A arrecadação humanitária virou um negócio em que os doadores competem por espaço na mídia, diz o especialista em assistência humanitária e desenvolvimento Paolo de Renzio, pesquisador de governança econômica global no Departamento de Política e Relações Internacionais da Universidade de Oxford.
FOLHA - Como é o funil que converte fundos em ações?
PAOLO RENZIO - O problema é que há vários funis: a ONU e suas agências, os governos dos países, as ONGs, cada um agindo separadamente. A arrecadação humanitária virou um "business", um negócio em que cada um quer se mostrar em ação.
FOLHA - Uma vitrine?
RENZIO - Exato. Como há muita atenção da mídia em curto período, todos querem aparecer doando.
FOLHA - O que muda na arrecadação após um grande desastre em relação à ajuda para o desenvolvimento?
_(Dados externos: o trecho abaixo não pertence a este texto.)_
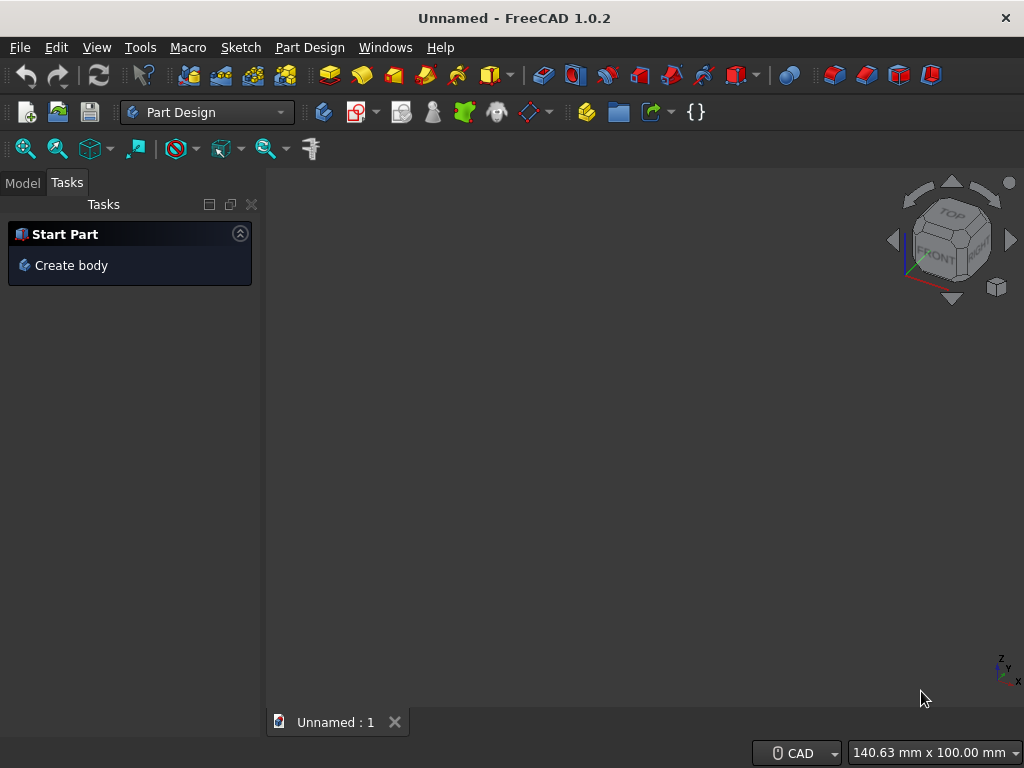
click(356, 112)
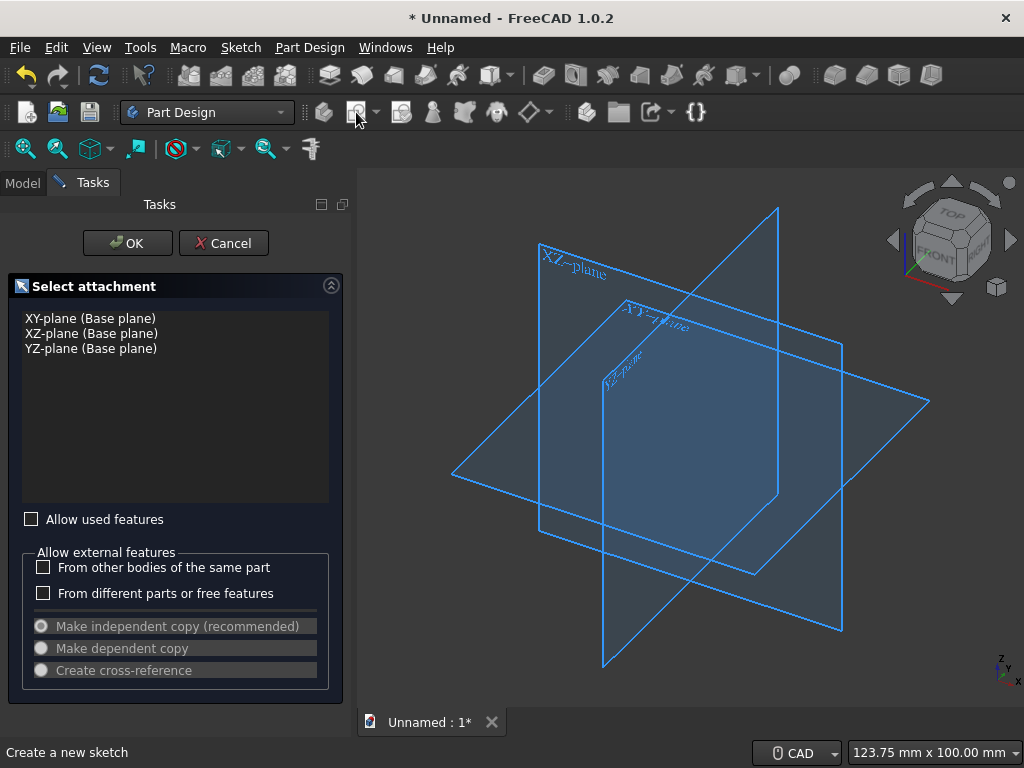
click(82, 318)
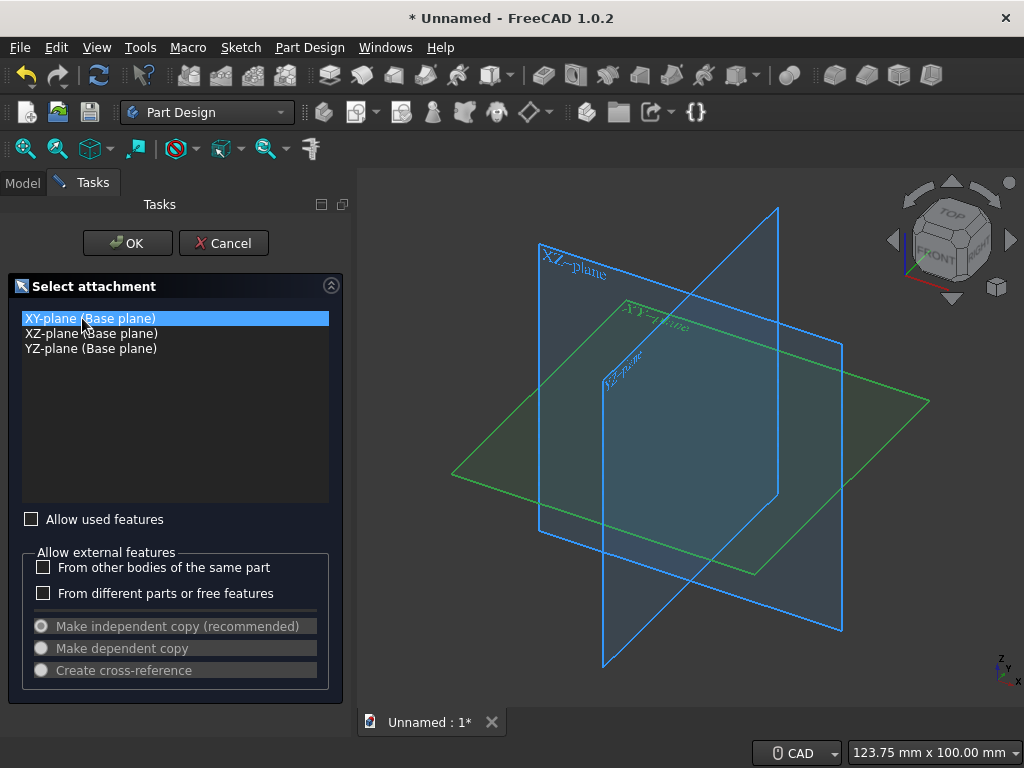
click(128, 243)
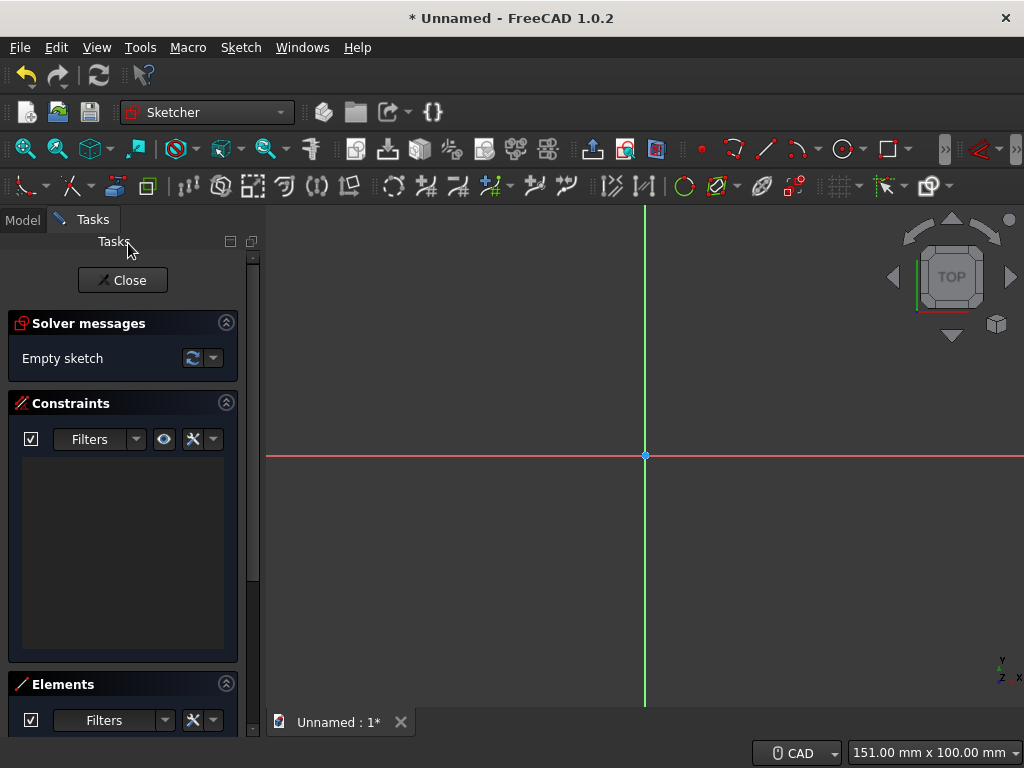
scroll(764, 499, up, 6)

RENZIO - Publicidade, urgência, retorno imediato. Um problema pode ser o cansaço da opinião publica em relação aos desastres. Outro é que, quando o mídia vai embora, todo o mundo esquece. O terceiro problema é a fragmentação e a falta de coordenação na arrecadação e a escassa transparência e prestação de contas.
FOLHA - E o planejamento?
RENZIO - Há necessidade de resposta imediata e há questões de coordenação. É preciso preparação prévia. A pressão em gastar os fundos com rapidez pode levar a ineficiências. Há doadores que fixam prazos de seis meses. Avaliar a eficácia das ações também muda, com indicadores de curto prazo no caso de desastres e de médio-longo prazo para ajuda ao desenvolvimento. Seria importante ligar os dois.
FOLHA - Há estimativa de quanto da arrecadação se converte em ajuda a flagelados?
RENZIO - Difícil. Tenho visto números que variam de 5% a 50% dos fundos.
FOLHA - Qual o maior obstáculo ao bom uso dos fundos?
RENZIO - Falta de coordenação; falta de consideração da ligação com a fase de reconstrução; uso exclusivo de materiais importados. Por exemplo, não se pode fazer abrigos temporários e se esquecer que será preciso reconstruir as moradias quando o foco da mídia mudar e as doações sumirem.
FOLHA - No Haiti, onde a governança é quase nula, qual o caminho para aplicar a verba?
RENZIO - O Haiti é um caso especial, pois já considerava a infraestrutura do governo fraca e ela foi destruída, o epicentro foi na capital. É diferente do que houve na Indonésia ou no Peru. Por isso, canais paralelos são obrigatórios. O problema é coordenar.
FOLHA - A ONU diz que a arrecadação é transparente. Mas não monitora a aplicação.
RENZIO - Isso é um problema mais geral do sistema da ajuda internacional. Sabe-se quanto se quer gastar, menos sobre o que foi gasto e quase nada sobre como foi gasto.
Fonte: Folha de São Paulo, 18/01/2010.